» **Prompt**
Each line of the data below from the one holding "8) mayonnaise bottle [1077,639,1212,697]" to the one holding "18) can of peas", inclusive, is to be reproduced exactly; no other line belongs in the answer.

» **Data for the task**
== Segment start ==

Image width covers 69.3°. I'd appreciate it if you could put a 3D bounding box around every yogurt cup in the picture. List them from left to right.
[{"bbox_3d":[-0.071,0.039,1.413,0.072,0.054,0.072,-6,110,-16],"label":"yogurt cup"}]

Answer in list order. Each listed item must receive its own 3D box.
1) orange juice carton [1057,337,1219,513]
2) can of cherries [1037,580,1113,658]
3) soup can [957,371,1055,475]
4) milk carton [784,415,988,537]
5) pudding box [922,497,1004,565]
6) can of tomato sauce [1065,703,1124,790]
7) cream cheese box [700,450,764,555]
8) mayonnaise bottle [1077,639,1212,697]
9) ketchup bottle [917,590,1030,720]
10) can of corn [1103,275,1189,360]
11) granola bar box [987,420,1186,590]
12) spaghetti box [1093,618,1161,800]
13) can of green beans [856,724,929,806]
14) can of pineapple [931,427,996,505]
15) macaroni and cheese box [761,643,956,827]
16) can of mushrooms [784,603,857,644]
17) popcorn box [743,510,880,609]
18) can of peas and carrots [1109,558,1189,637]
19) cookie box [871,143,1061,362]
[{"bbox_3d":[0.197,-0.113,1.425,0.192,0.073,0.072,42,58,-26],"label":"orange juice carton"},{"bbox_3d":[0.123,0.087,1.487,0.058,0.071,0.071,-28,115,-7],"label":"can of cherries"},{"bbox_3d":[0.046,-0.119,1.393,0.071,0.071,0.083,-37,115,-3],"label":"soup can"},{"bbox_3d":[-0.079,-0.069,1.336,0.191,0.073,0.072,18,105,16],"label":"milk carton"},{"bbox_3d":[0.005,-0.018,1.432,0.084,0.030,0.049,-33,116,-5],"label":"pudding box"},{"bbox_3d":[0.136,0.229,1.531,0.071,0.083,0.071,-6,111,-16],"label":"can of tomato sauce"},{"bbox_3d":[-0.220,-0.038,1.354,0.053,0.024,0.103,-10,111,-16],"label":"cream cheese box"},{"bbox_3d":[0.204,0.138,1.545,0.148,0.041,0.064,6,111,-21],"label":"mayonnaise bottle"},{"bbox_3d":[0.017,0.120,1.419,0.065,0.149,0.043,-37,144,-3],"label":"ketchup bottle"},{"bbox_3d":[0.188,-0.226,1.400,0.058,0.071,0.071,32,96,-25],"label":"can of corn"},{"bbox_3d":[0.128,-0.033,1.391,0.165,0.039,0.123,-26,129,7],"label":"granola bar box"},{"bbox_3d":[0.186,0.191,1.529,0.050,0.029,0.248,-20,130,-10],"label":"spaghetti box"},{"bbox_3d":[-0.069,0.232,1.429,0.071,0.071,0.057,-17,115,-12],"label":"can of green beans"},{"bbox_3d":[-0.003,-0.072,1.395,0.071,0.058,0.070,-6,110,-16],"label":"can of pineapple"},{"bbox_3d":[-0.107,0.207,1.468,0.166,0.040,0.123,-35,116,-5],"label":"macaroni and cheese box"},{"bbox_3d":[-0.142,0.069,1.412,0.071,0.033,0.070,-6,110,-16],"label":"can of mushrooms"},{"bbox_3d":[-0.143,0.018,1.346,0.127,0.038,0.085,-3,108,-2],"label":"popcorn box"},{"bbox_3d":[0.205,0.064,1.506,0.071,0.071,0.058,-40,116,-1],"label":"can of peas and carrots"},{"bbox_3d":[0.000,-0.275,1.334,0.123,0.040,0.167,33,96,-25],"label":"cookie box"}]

== Segment end ==

» **Solution to this task**
8) mayonnaise bottle [1077,639,1212,697]
9) ketchup bottle [917,590,1030,720]
10) can of corn [1103,275,1189,360]
11) granola bar box [987,420,1186,590]
12) spaghetti box [1093,618,1161,800]
13) can of green beans [856,724,929,806]
14) can of pineapple [931,427,996,505]
15) macaroni and cheese box [761,643,956,827]
16) can of mushrooms [784,603,857,644]
17) popcorn box [743,510,880,609]
18) can of peas and carrots [1109,558,1189,637]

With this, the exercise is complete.